§ Required work
A line below contains "Copyright 2019 WeBank", and a later one contains "governing permissions and". Repeat both, with every line between them, exactly.

§ Material to process
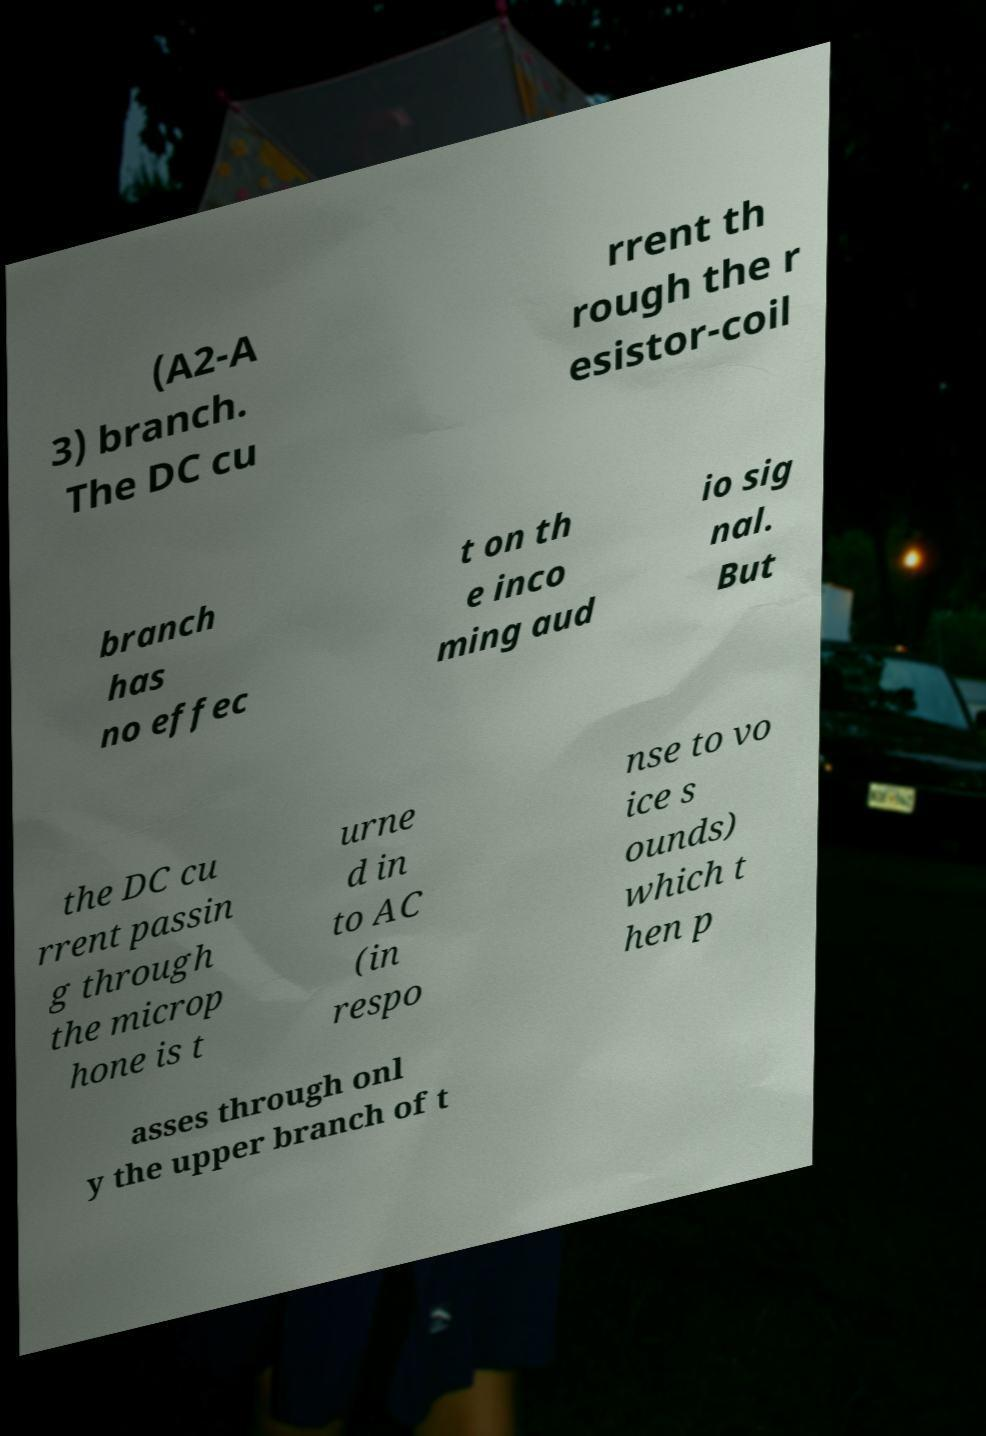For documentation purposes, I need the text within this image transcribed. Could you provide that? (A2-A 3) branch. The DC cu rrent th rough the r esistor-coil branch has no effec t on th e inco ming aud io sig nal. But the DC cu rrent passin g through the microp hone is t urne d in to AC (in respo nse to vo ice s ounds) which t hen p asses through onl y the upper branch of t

==

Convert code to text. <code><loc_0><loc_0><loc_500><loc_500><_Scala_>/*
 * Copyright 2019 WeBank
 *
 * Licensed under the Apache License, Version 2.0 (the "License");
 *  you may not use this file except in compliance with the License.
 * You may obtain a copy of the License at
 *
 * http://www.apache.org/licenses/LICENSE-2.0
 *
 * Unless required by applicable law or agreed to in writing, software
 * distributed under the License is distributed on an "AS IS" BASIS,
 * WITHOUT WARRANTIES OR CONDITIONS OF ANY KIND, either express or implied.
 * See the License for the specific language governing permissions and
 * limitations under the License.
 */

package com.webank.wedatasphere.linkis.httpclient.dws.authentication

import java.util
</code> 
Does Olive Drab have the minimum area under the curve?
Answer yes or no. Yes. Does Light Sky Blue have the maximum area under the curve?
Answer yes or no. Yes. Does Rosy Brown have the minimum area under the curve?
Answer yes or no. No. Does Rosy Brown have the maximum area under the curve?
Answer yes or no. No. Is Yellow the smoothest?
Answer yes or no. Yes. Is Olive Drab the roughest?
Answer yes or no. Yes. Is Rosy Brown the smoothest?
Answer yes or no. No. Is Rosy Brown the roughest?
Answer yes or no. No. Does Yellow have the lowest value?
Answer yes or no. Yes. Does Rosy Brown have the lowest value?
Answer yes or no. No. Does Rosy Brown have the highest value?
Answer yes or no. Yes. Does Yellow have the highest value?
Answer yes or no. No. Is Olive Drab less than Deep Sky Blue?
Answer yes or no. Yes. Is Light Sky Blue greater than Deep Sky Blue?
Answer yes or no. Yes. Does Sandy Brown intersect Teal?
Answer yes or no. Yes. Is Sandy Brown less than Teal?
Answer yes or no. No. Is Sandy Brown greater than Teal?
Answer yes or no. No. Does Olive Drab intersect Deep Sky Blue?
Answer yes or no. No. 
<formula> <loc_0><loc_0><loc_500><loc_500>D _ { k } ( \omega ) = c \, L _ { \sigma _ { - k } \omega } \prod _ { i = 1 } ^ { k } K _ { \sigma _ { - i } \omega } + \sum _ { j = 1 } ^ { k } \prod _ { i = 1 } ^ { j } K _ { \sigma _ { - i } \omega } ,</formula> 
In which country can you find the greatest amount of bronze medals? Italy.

§ Output of the exercise
 * Copyright 2019 WeBank
 *
 * Licensed under the Apache License, Version 2.0 (the "License");
 *  you may not use this file except in compliance with the License.
 * You may obtain a copy of the License at
 *
 * http://www.apache.org/licenses/LICENSE-2.0
 *
 * Unless required by applicable law or agreed to in writing, software
 * distributed under the License is distributed on an "AS IS" BASIS,
 * WITHOUT WARRANTIES OR CONDITIONS OF ANY KIND, either express or implied.
 * See the License for the specific language governing permissions and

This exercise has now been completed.